Each character also has Powers representing unusual abilities. These cost from zero to three or more points depending on whether they should be considered Frequent, Major (or even "Twice Major", for especially powerful abilities that significantly affect gameplay) and/or Versatile. For instance, a "Cat Familiar", a slightly intelligent cat, is arguably worth two points for being Frequent (usually around and often useful) and Versatile (able to scout, carry messages, and fight). A "Winning Smile" that makes the hero likable is worth zero points because of its trivial effect, while a "Charming Song" that inspires one emotion when played might be useful enough to count as Frequent (1 point).

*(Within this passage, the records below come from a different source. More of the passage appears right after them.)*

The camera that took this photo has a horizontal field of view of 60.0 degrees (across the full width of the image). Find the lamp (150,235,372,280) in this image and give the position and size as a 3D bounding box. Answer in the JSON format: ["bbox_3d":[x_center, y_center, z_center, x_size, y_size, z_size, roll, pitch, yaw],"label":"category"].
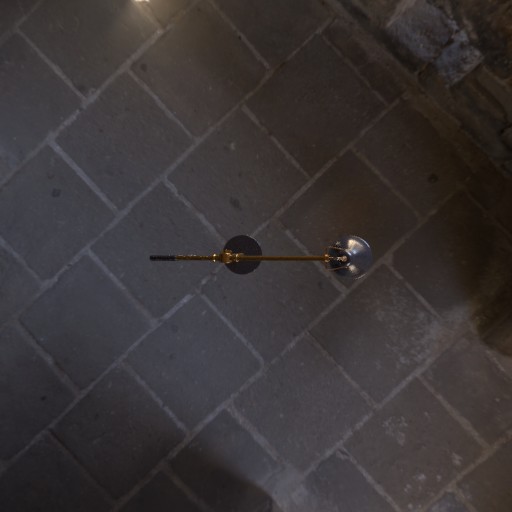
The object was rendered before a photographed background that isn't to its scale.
[{"bbox_3d":[0.000,0.000,1.839,0.618,1.628,0.235,0,91,0],"label":"lamp"}]
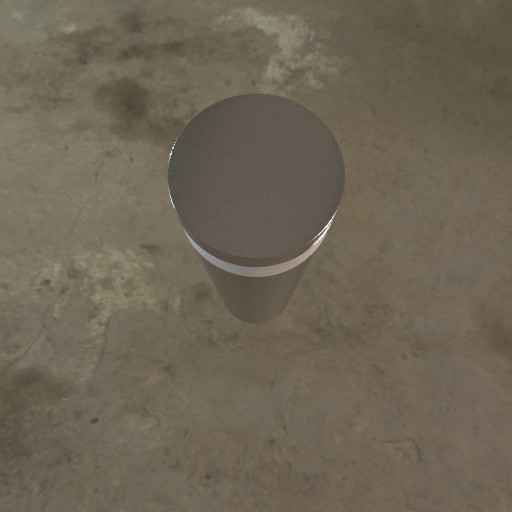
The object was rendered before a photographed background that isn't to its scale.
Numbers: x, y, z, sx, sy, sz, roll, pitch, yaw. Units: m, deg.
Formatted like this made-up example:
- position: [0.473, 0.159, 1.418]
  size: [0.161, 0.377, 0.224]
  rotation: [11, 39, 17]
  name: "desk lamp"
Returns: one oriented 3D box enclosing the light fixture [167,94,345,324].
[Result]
- position: [0.000, 0.000, 0.443]
  size: [0.102, 0.400, 0.102]
  rotation: [-15, 77, -3]
  name: "light fixture"

There is no strict rule for deciding what a Power is worth. Each hero can have one 0-point Power for free; additional Powers that would otherwise cost zero points instead cost one.

Magic is also abstract. A hero wanting access to magic, as opposed to a few specific Powers, must design their own magic system. This is done by choosing an Element for its basis, which affects its theme; e.g., Air is associated with speech and intellect and would be suitable for a system of spoken spells gained through study. The new Magic statistic has a 1–10 rating and point cost, and can be no higher than the Element on what it is based. The game's rules suggest listing examples of what the magic system can do at each power level, working these out with the GM. It is suggested that most characters do not need magic and that it is not suitable for new players.

Finally, each hero has personality traits based on the game's Fortune and Vision cards. Players are to choose one or more Vision cards and base a backstory on them, and to have three Fortune cards representing a Virtue, Fault, and Fate (a challenge they will face). These three cards can change to represent new phases in the hero's life. There is a list of suggested Motives for why the hero is adventuring, such as "Adversity" or "Wanderlust", but this feature has no gameplay effect.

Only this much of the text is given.